MONTGOMERY, Ala. — Alabama Public Service Commissioner Chris “Chip” Beeker on Tuesday opened the PSC’s monthly meeting by expressing his frustration with the federal government’s overreach in a variety of areas — from immigration to environmental policies.
When I was a child the federal government did not work to punish success and reward sloth. But, with the Washington, D.C. wealth re-distribution scheme, that is exactly what is currently happening.
When I was a child the federal government did not entrap people in a welfare state from which there is no escape. But, in a day when the federal government feeds, houses, and clothes people without providing an escape from the cycle of welfare… that is exactly what is and has been occurring in our nation.
When I was a child we would have never imagined that the federal government would send American citizens unemployment checks because they can’t find a job, but endorse the idea that people who come to this country illegally should be allowed to stay and take jobs that those same Americans could have.

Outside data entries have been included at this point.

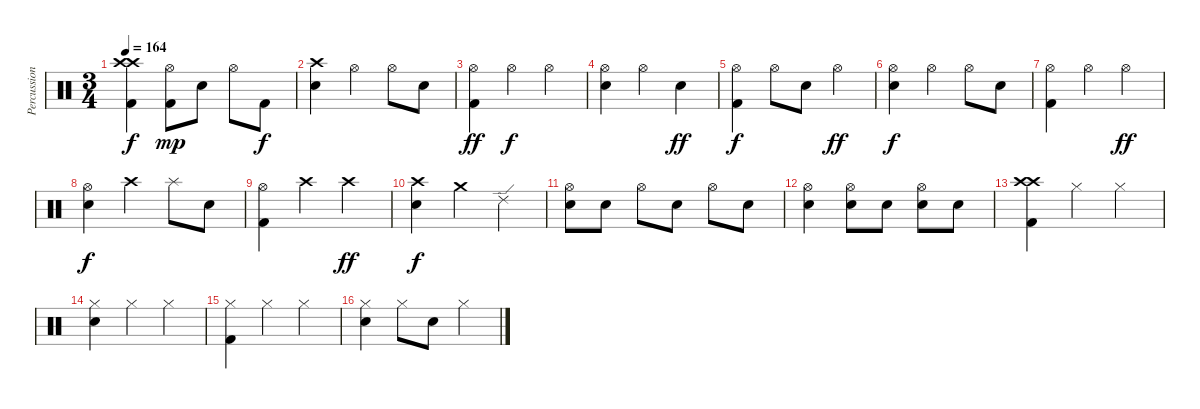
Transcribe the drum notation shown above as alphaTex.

\track ("Percussion" "Percussion") {instrument percussion}
\staff {score}
\articulation defaults
\ts (3 4)
\tempo 164
\clef neutral
\ks c
("Crash high (hit)" "Crash high (hit)" "Kick (hit) 2").4{dy f} ("Hi-Hat (open)" "Kick (hit) 2").8{dy mp} "Snare (hit) 2".8 "Hi-Hat (open)".8 "Kick (hit) 2".8{dy f} |
("Crash high (hit)" "Snare (hit) 2").4 "Hi-Hat (open)".4 "Hi-Hat (open)".8 "Snare (hit) 2".8 |
("Hi-Hat (open)" "Kick (hit) 2").4{dy ff} "Hi-Hat (open)".4{dy f} "Hi-Hat (open)".4 |
("Hi-Hat (open)" "Snare (hit) 2").4 "Hi-Hat (open)".4 "Snare (hit) 2".4{dy ff} |
("Hi-Hat (open)" "Kick (hit) 2").4{dy f} "Hi-Hat (open)".8 "Snare (hit) 2".8 "Hi-Hat (open)".4{dy ff} |
("Hi-Hat (open)" "Snare (hit) 2").4{dy f} "Hi-Hat (open)".4 "Hi-Hat (open)".8 "Snare (hit) 2".8 |
("Hi-Hat (open)" "Kick (hit) 2").4 "Hi-Hat (open)".4 "Hi-Hat (open)".4{dy ff} |
("Hi-Hat (open)" "Snare (hit) 2").4{dy f} "Crash high (hit)".4 "Splash (hit)".8 "Snare (hit) 2".8 |
("Hi-Hat (open)" "Kick (hit) 2").4 "Crash high (hit)".4 "Crash high (hit)".4{dy ff} |
("Crash high (hit)" "Snare (hit) 2").4{dy f} "Crash medium (hit)".4 "Ride (edge) 2".4 |
("Hi-Hat (open)" "Snare (hit) 2").8 "Snare (hit) 2".8 "Hi-Hat (open)".8 "Snare (hit) 2".8 "Hi-Hat (open)".8 "Snare (hit) 2".8 |
("Hi-Hat (open)" "Snare (hit) 2").4 ("Hi-Hat (open)" "Snare (hit) 2").8 "Snare (hit) 2".8 ("Hi-Hat (open)" "Snare (hit) 2").8 "Snare (hit) 2".8 |
("Crash high (hit)" "Crash high (hit)" "Kick (hit) 2").4 "Hi-Hat (closed)".4 "Hi-Hat (closed)".4 |
("Hi-Hat (closed)" "Snare (hit) 2").4 "Hi-Hat (closed)".4 "Hi-Hat (closed)".4 |
("Hi-Hat (closed)" "Kick (hit) 2").4 "Hi-Hat (closed)".4 "Hi-Hat (closed)".4 |
("Hi-Hat (closed)" "Snare (hit) 2").4 "Hi-Hat (closed)".8 "Snare (hit) 2".8 "Hi-Hat (closed)".4
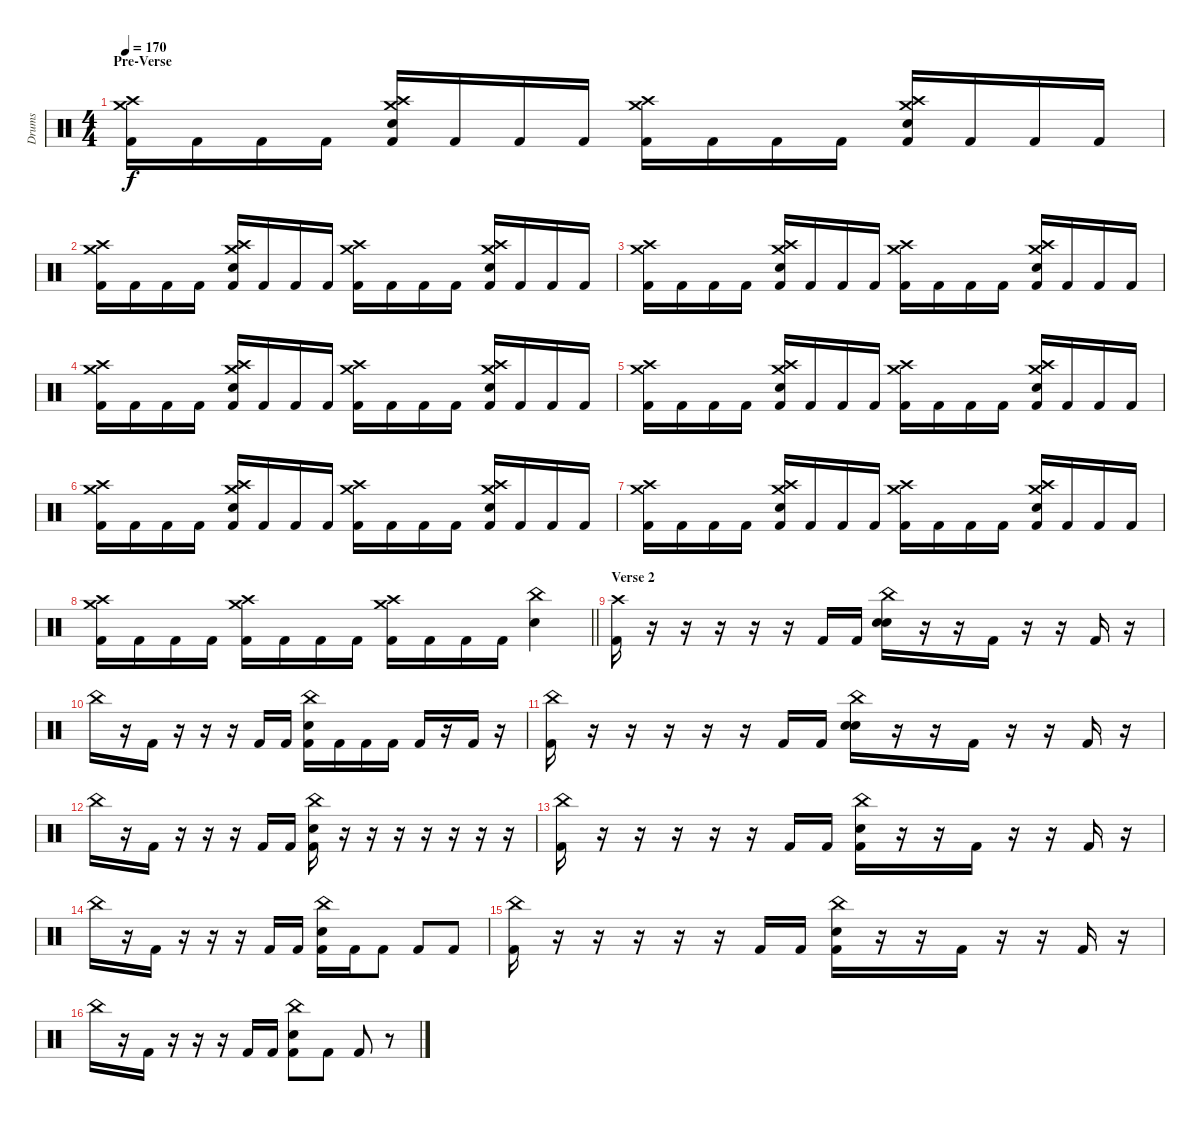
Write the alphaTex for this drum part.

\track ("Drums" "Drums") {instrument percussion}
\staff {score}
\articulation defaults
\ts (4 4)
\section ("" "Pre-Verse")
\tempo 170
\clef neutral
\ks c
("Kick (hit) 2" "Crash high (hit)" "Crash medium (hit)").16{dy f} "Kick (hit) 2".16 "Kick (hit) 2".16 "Kick (hit) 2".16 ("Kick (hit) 2" "Crash high (hit)" "Electric Snare (hit)" "Crash medium (hit)").16 "Kick (hit) 2".16 "Kick (hit) 2".16 "Kick (hit) 2".16 ("Kick (hit) 2" "Crash high (hit)" "Crash medium (hit)").16 "Kick (hit) 2".16 "Kick (hit) 2".16 "Kick (hit) 2".16 ("Kick (hit) 2" "Crash high (hit)" "Electric Snare (hit)" "Crash medium (hit)").16 "Kick (hit) 2".16 "Kick (hit) 2".16 "Kick (hit) 2".16 |
("Kick (hit) 2" "Crash high (hit)" "Crash medium (hit)").16 "Kick (hit) 2".16 "Kick (hit) 2".16 "Kick (hit) 2".16 ("Kick (hit) 2" "Crash high (hit)" "Electric Snare (hit)" "Crash medium (hit)").16 "Kick (hit) 2".16 "Kick (hit) 2".16 "Kick (hit) 2".16 ("Kick (hit) 2" "Crash high (hit)" "Crash medium (hit)").16 "Kick (hit) 2".16 "Kick (hit) 2".16 "Kick (hit) 2".16 ("Kick (hit) 2" "Crash high (hit)" "Electric Snare (hit)" "Crash medium (hit)").16 "Kick (hit) 2".16 "Kick (hit) 2".16 "Kick (hit) 2".16 |
("Kick (hit) 2" "Crash high (hit)" "Crash medium (hit)").16 "Kick (hit) 2".16 "Kick (hit) 2".16 "Kick (hit) 2".16 ("Kick (hit) 2" "Crash high (hit)" "Electric Snare (hit)" "Crash medium (hit)").16 "Kick (hit) 2".16 "Kick (hit) 2".16 "Kick (hit) 2".16 ("Kick (hit) 2" "Crash high (hit)" "Crash medium (hit)").16 "Kick (hit) 2".16 "Kick (hit) 2".16 "Kick (hit) 2".16 ("Kick (hit) 2" "Crash high (hit)" "Electric Snare (hit)" "Crash medium (hit)").16 "Kick (hit) 2".16 "Kick (hit) 2".16 "Kick (hit) 2".16 |
("Kick (hit) 2" "Crash high (hit)" "Crash medium (hit)").16 "Kick (hit) 2".16 "Kick (hit) 2".16 "Kick (hit) 2".16 ("Kick (hit) 2" "Crash high (hit)" "Electric Snare (hit)" "Crash medium (hit)").16 "Kick (hit) 2".16 "Kick (hit) 2".16 "Kick (hit) 2".16 ("Kick (hit) 2" "Crash high (hit)" "Crash medium (hit)").16 "Kick (hit) 2".16 "Kick (hit) 2".16 "Kick (hit) 2".16 ("Kick (hit) 2" "Crash high (hit)" "Electric Snare (hit)" "Crash medium (hit)").16 "Kick (hit) 2".16 "Kick (hit) 2".16 "Kick (hit) 2".16 |
("Kick (hit) 2" "Crash high (hit)" "Crash medium (hit)").16 "Kick (hit) 2".16 "Kick (hit) 2".16 "Kick (hit) 2".16 ("Kick (hit) 2" "Crash high (hit)" "Electric Snare (hit)" "Crash medium (hit)").16 "Kick (hit) 2".16 "Kick (hit) 2".16 "Kick (hit) 2".16 ("Kick (hit) 2" "Crash high (hit)" "Crash medium (hit)").16 "Kick (hit) 2".16 "Kick (hit) 2".16 "Kick (hit) 2".16 ("Kick (hit) 2" "Crash high (hit)" "Electric Snare (hit)" "Crash medium (hit)").16 "Kick (hit) 2".16 "Kick (hit) 2".16 "Kick (hit) 2".16 |
("Kick (hit) 2" "Crash high (hit)" "Crash medium (hit)").16 "Kick (hit) 2".16 "Kick (hit) 2".16 "Kick (hit) 2".16 ("Kick (hit) 2" "Crash high (hit)" "Electric Snare (hit)" "Crash medium (hit)").16 "Kick (hit) 2".16 "Kick (hit) 2".16 "Kick (hit) 2".16 ("Kick (hit) 2" "Crash high (hit)" "Crash medium (hit)").16 "Kick (hit) 2".16 "Kick (hit) 2".16 "Kick (hit) 2".16 ("Kick (hit) 2" "Crash high (hit)" "Electric Snare (hit)" "Crash medium (hit)").16 "Kick (hit) 2".16 "Kick (hit) 2".16 "Kick (hit) 2".16 |
("Kick (hit) 2" "Crash high (hit)" "Crash medium (hit)").16 "Kick (hit) 2".16 "Kick (hit) 2".16 "Kick (hit) 2".16 ("Kick (hit) 2" "Crash high (hit)" "Crash medium (hit)" "Electric Snare (hit)").16 "Kick (hit) 2".16 "Kick (hit) 2".16 "Kick (hit) 2".16 ("Kick (hit) 2" "Crash high (hit)" "Crash medium (hit)").16 "Kick (hit) 2".16 "Kick (hit) 2".16 "Kick (hit) 2".16 ("Kick (hit) 2" "Crash high (hit)" "Electric Snare (hit)" "Crash medium (hit)").16 "Kick (hit) 2".16 "Kick (hit) 2".16 "Kick (hit) 2".16 |
\barLineRight lightlight
("Crash high (hit)" "Crash medium (hit)" "Kick (hit) 2").16 "Kick (hit) 2".16 "Kick (hit) 2".16 "Kick (hit) 2".16 ("Crash high (hit)" "Crash medium (hit)" "Kick (hit) 2").16 "Kick (hit) 2".16 "Kick (hit) 2".16 "Kick (hit) 2".16 ("Crash high (hit)" "Crash medium (hit)" "Kick (hit) 2").16 "Kick (hit) 2".16 "Kick (hit) 2".16 "Kick (hit) 2".16 ("China (hit)" "Electric Snare (hit)").4 |
\section ("" "Verse 2")
("Crash high (hit)" "Kick (hit) 2").16 r.16 r.16 r.16 r.16 r.16 "Kick (hit) 2".16 "Kick (hit) 2".16 ("China (hit)" "Electric Snare (hit)" "Electric Snare (hit)").16 r.16 r.16 "Kick (hit) 2".16 r.16 r.16 "Kick (hit) 2".16 r.16 |
"China (hit)".16 r.16 "Kick (hit) 2".16 r.16 r.16 r.16 "Kick (hit) 2".16 "Kick (hit) 2".16 ("Electric Snare (hit)" "China (hit)" "Kick (hit) 2").16 "Kick (hit) 2".16 "Kick (hit) 2".16 "Kick (hit) 2".16 "Kick (hit) 2".16 r.16 "Kick (hit) 2".16 r.16 |
("Kick (hit) 2" "China (hit)").16 r.16 r.16 r.16 r.16 r.16 "Kick (hit) 2".16 "Kick (hit) 2".16 ("China (hit)" "Electric Snare (hit)" "Electric Snare (hit)").16 r.16 r.16 "Kick (hit) 2".16 r.16 r.16 "Kick (hit) 2".16 r.16 |
"China (hit)".16 r.16 "Kick (hit) 2".16 r.16 r.16 r.16 "Kick (hit) 2".16 "Kick (hit) 2".16 ("Electric Snare (hit)" "China (hit)" "Kick (hit) 2").16 r.16 r.16 r.16 r.16 r.16 r.16 r.16 |
("Kick (hit) 2" "China (hit)").16 r.16 r.16 r.16 r.16 r.16 "Kick (hit) 2".16 "Kick (hit) 2".16 ("China (hit)" "Kick (hit) 2" "Electric Snare (hit)").16 r.16 r.16 "Kick (hit) 2".16 r.16 r.16 "Kick (hit) 2".16 r.16 |
"China (hit)".16 r.16 "Kick (hit) 2".16 r.16 r.16 r.16 "Kick (hit) 2".16 "Kick (hit) 2".16 ("Electric Snare (hit)" "China (hit)" "Kick (hit) 2").16 "Kick (hit) 2".16 "Kick (hit) 2".8 "Kick (hit) 2".8 "Kick (hit) 2".8 |
("Kick (hit) 2" "China (hit)").16 r.16 r.16 r.16 r.16 r.16 "Kick (hit) 2".16 "Kick (hit) 2".16 ("China (hit)" "Kick (hit) 2" "Electric Snare (hit)").16 r.16 r.16 "Kick (hit) 2".16 r.16 r.16 "Kick (hit) 2".16 r.16 |
"China (hit)".16 r.16 "Kick (hit) 2".16 r.16 r.16 r.16 "Kick (hit) 2".16 "Kick (hit) 2".16 ("Electric Snare (hit)" "China (hit)" "Kick (hit) 2").8 "Kick (hit) 2".8 "Kick (hit) 2".8 r.8

Beeker was elected last year on a platform of pushing back against federal overreach, particularly on energy issues, which fall under the PSC’s purview. On Monday, he reiterated his opposition to the Obama Administration’s environmental policies that he says are a direct threat to Alabama jobs.
“(I never would have) imagined that the federal government – our own government – would impose restrictions on industry that are so stringent that American jobs and industries are threatened,” he said. “Yet, with EPA regulations currently in effect and that are being proposed, that is exactly what we see.”
Beeker was presumably alluding the the EPA’s Clean Power Plan, which, once finalized this summer, will impose new stringent regulations on power plant emissions.
A study released by the U.S. Chamber of Commerce predicts the environmental mandates in the plan will cost the United States more than 220,000 jobs over the next several years.
According to the study, the proposed regulations will have a disproportionate impact on southern states, where energy costs would jump by $6.6 billion per year over the next decade-and-a-half. The “East-South-Central” region of Mississippi, Alabama, Tennessee and Kentucky would see its GDP shrink by an estimated $2.2 billion and would lose 21,400 jobs as a result of the plan.
And the effects are already being felt in the Yellowhammer State.
Alabama Power announced in August that the mandates were forcing them to close two of the state’s coal-fired units and transition two others from coal to natural gas, resulting in a reduction in workforce that the company hoped to avoid by transferring employees to other locations. Alabama consumers’ power bills have also increased by an average of $6.78 per month, which members of the PSC have said can be directly attributed to the billions of dollars Alabama Power has spent to comply with the EPA’s increasingly-stringent regulations.
Beeker said Tuesday that Alabama’s state motto might provide some direction as its leaders weigh what to do in response to the federal government’s encroachment on the economy.
“We should regularly remind ourselves that the motto of our great state is ‘We Dare Defend Our Rights,'” he said, “and ask ourselves what steps we are taking to defend our rights.”